___ Records provided
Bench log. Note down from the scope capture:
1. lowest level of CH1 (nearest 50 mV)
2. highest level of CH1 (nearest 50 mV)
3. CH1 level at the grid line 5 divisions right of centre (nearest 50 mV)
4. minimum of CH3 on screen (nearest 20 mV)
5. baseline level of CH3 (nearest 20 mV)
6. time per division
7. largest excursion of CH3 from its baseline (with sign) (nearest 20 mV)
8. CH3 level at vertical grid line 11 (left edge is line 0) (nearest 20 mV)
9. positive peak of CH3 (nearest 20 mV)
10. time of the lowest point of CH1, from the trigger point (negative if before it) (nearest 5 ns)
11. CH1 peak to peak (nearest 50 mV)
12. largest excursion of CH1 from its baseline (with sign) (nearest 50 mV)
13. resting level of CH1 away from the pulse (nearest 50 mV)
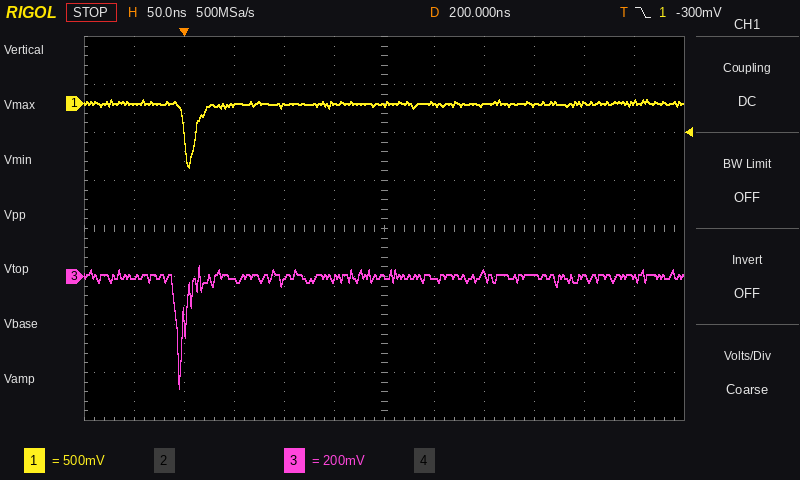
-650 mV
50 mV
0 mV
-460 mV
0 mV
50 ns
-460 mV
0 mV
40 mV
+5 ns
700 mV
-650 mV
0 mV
______
___ Records provided
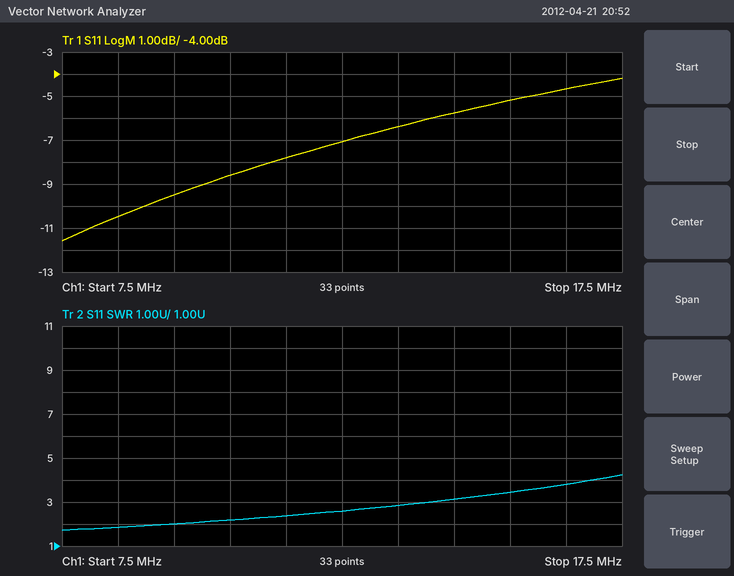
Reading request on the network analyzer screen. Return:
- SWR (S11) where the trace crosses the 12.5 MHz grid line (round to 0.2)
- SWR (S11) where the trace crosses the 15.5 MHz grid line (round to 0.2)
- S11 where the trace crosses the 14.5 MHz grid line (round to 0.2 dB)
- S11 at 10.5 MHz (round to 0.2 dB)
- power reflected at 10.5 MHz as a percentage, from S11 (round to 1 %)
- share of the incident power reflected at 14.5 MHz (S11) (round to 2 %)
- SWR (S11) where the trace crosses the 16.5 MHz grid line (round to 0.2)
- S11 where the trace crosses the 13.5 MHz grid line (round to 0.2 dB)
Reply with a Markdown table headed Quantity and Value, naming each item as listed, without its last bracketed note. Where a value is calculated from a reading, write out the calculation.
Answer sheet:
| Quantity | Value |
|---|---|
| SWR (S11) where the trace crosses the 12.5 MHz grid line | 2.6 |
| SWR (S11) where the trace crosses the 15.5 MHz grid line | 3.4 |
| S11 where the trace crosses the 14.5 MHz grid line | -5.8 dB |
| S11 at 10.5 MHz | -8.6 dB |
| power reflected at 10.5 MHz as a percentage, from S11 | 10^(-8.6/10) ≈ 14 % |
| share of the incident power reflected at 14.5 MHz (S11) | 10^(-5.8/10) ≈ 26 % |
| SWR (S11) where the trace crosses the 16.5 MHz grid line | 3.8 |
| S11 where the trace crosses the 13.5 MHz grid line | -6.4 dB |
______
[Work to be completed]: Look back at the entries above and repeat, unchanged, every line from the line holding "Bench log. Note" through the line holding "12. largest excursion".

[Answer section]:
Bench log. Note down from the scope capture:
1. lowest level of CH1 (nearest 50 mV)
2. highest level of CH1 (nearest 50 mV)
3. CH1 level at the grid line 5 divisions right of centre (nearest 50 mV)
4. minimum of CH3 on screen (nearest 20 mV)
5. baseline level of CH3 (nearest 20 mV)
6. time per division
7. largest excursion of CH3 from its baseline (with sign) (nearest 20 mV)
8. CH3 level at vertical grid line 11 (left edge is line 0) (nearest 20 mV)
9. positive peak of CH3 (nearest 20 mV)
10. time of the lowest point of CH1, from the trigger point (negative if before it) (nearest 5 ns)
11. CH1 peak to peak (nearest 50 mV)
12. largest excursion of CH1 from its baseline (with sign) (nearest 50 mV)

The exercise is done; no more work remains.